• **What the task requires**
Give each line of the records again exactly and omit every picture.

══ Dataset extract ══

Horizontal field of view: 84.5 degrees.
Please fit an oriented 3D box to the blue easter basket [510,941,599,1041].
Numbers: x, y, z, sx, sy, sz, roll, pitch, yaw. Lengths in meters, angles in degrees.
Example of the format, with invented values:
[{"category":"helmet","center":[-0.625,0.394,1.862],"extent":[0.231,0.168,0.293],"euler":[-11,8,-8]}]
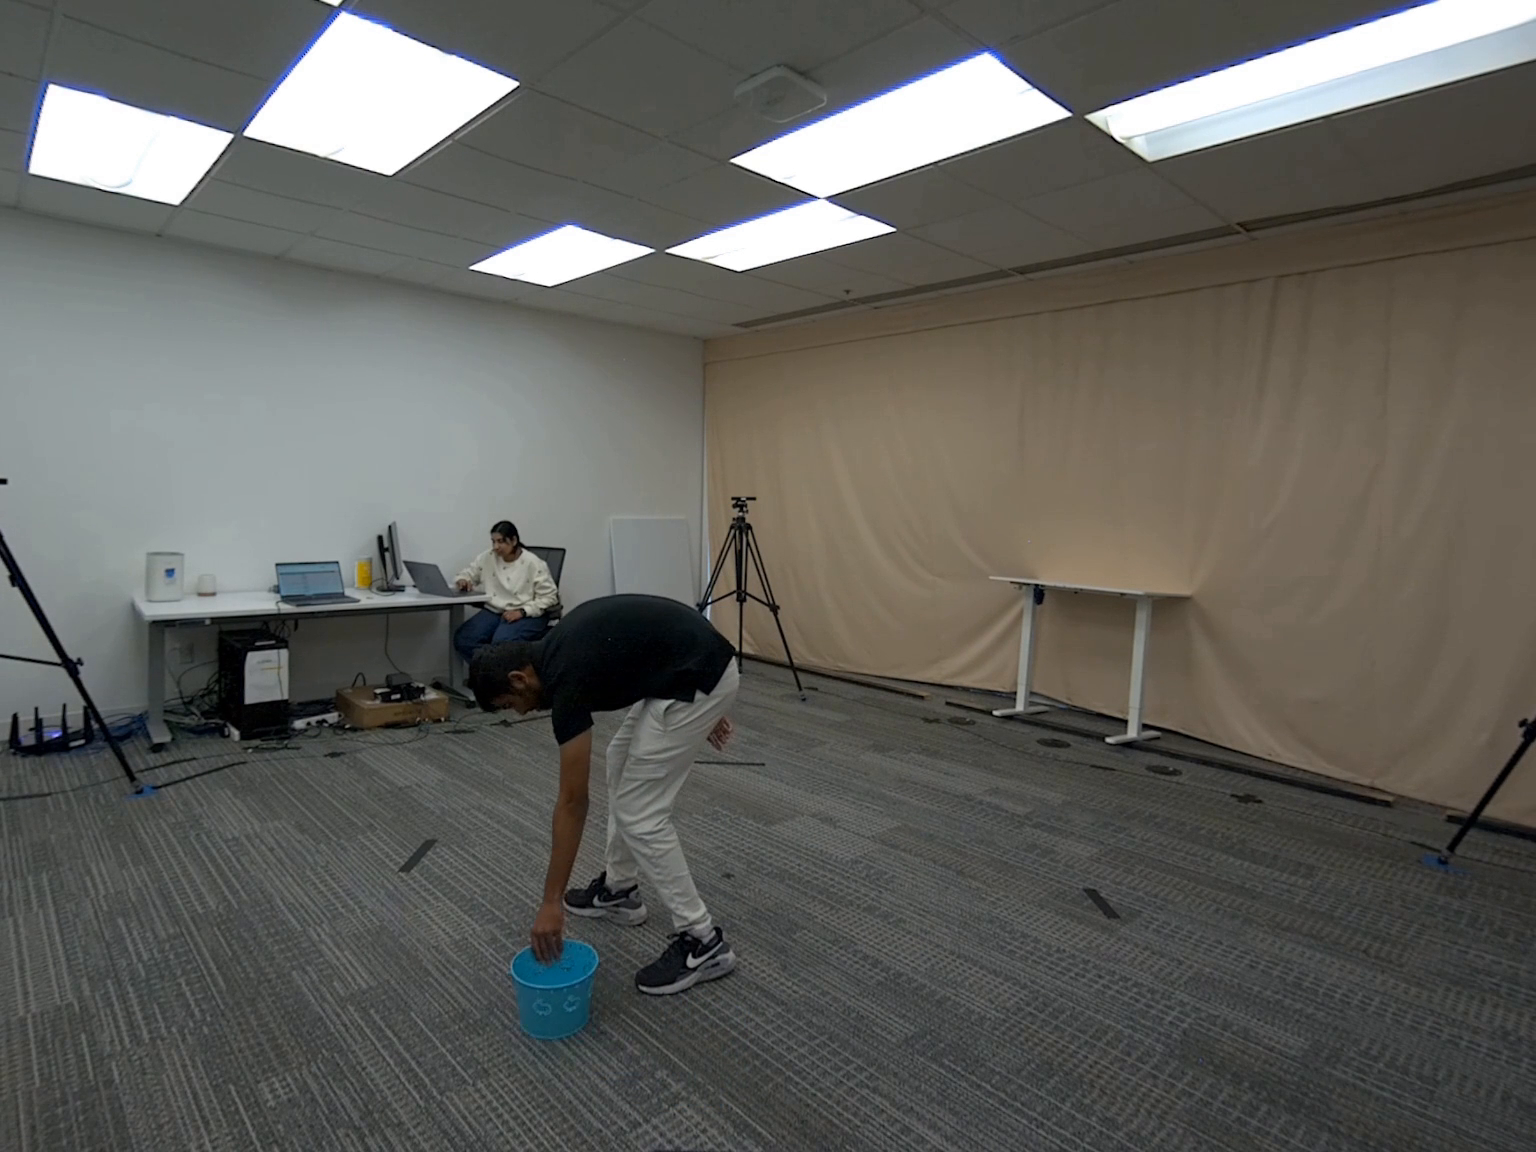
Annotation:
[{"category":"blue easter basket","center":[-0.573,1.100,2.239],"extent":[0.243,0.155,0.244],"euler":[2,5,-2]}]
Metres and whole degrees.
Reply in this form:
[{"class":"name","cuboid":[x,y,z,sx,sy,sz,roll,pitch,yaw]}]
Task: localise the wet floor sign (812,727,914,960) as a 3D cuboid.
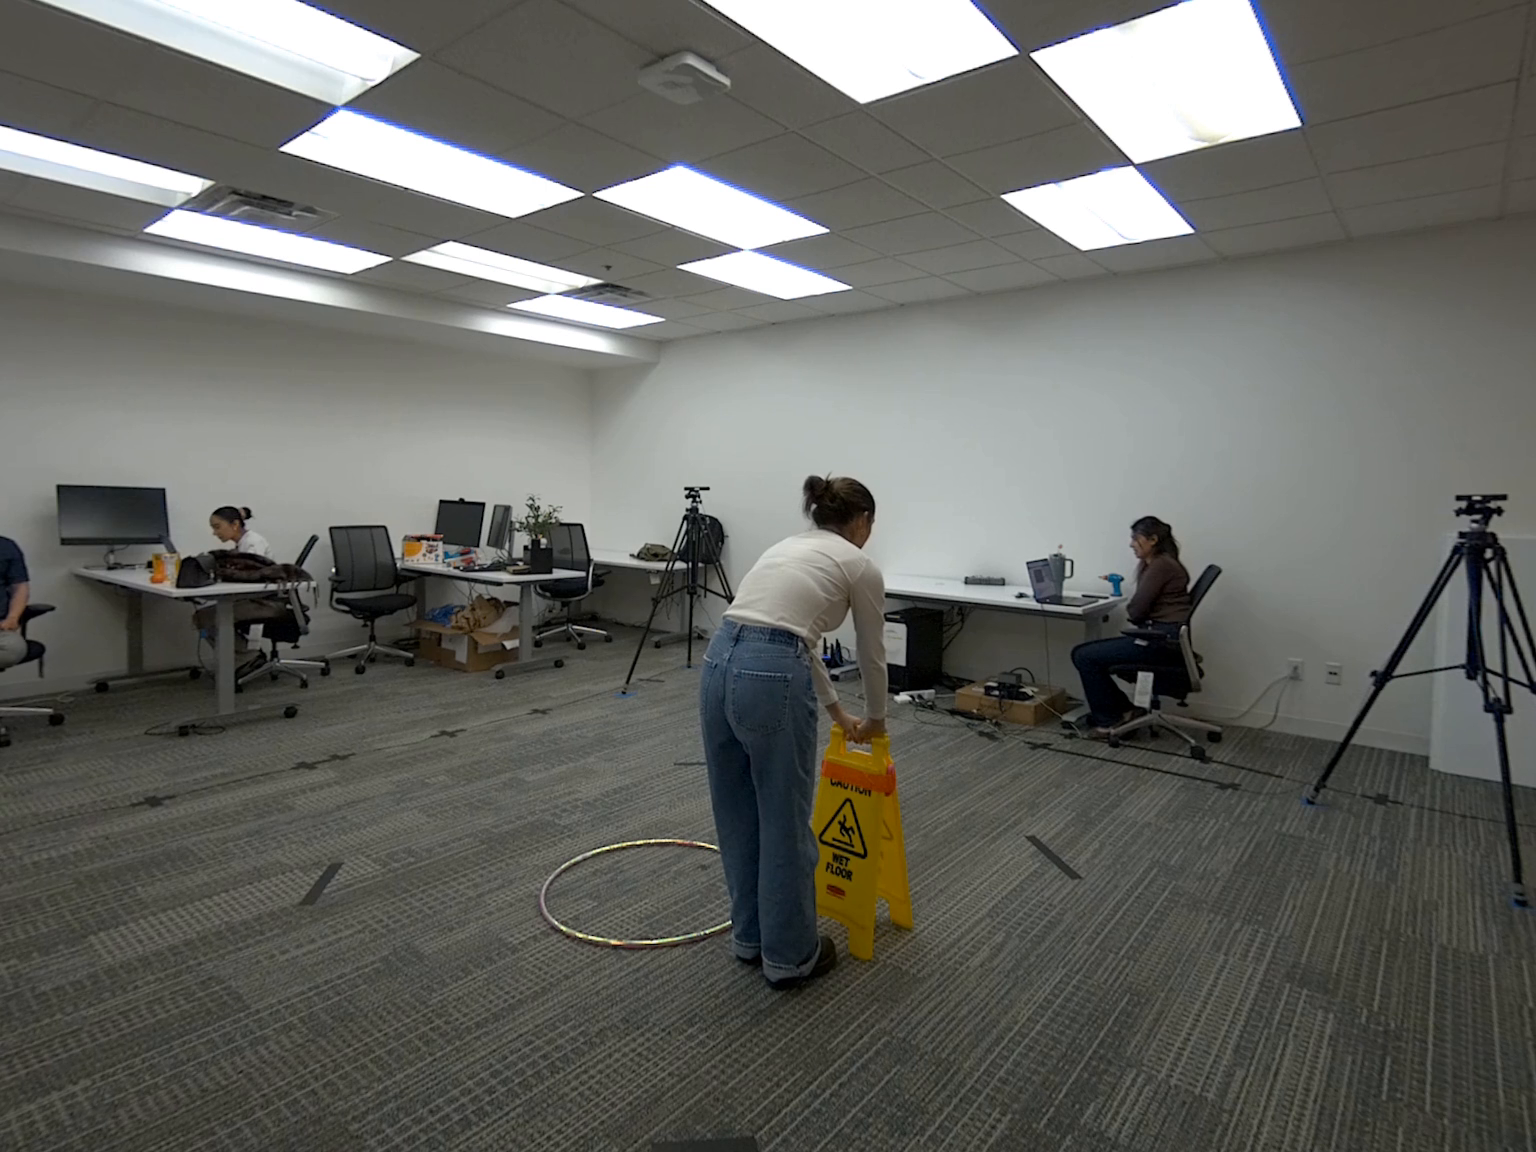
[{"class":"wet floor sign","cuboid":[0.276,0.793,2.689,0.292,0.644,0.281,5,4,39]}]

═══

• **Task output**
Horizontal field of view: 84.5 degrees.
Please fit an oriented 3D box to the blue easter basket [510,941,599,1041].
Numbers: x, y, z, sx, sy, sz, roll, pitch, yaw. Lengths in meters, angles in degrees.
Example of the format, with invented values:
[{"category":"helmet","center":[-0.625,0.394,1.862],"extent":[0.231,0.168,0.293],"euler":[-11,8,-8]}]
Annotation:
[{"category":"blue easter basket","center":[-0.573,1.100,2.239],"extent":[0.243,0.155,0.244],"euler":[2,5,-2]}]
Metres and whole degrees.
Reply in this form:
[{"class":"name","cuboid":[x,y,z,sx,sy,sz,roll,pitch,yaw]}]
Task: localise the wet floor sign (812,727,914,960) as a 3D cuboid.
[{"class":"wet floor sign","cuboid":[0.276,0.793,2.689,0.292,0.644,0.281,5,4,39]}]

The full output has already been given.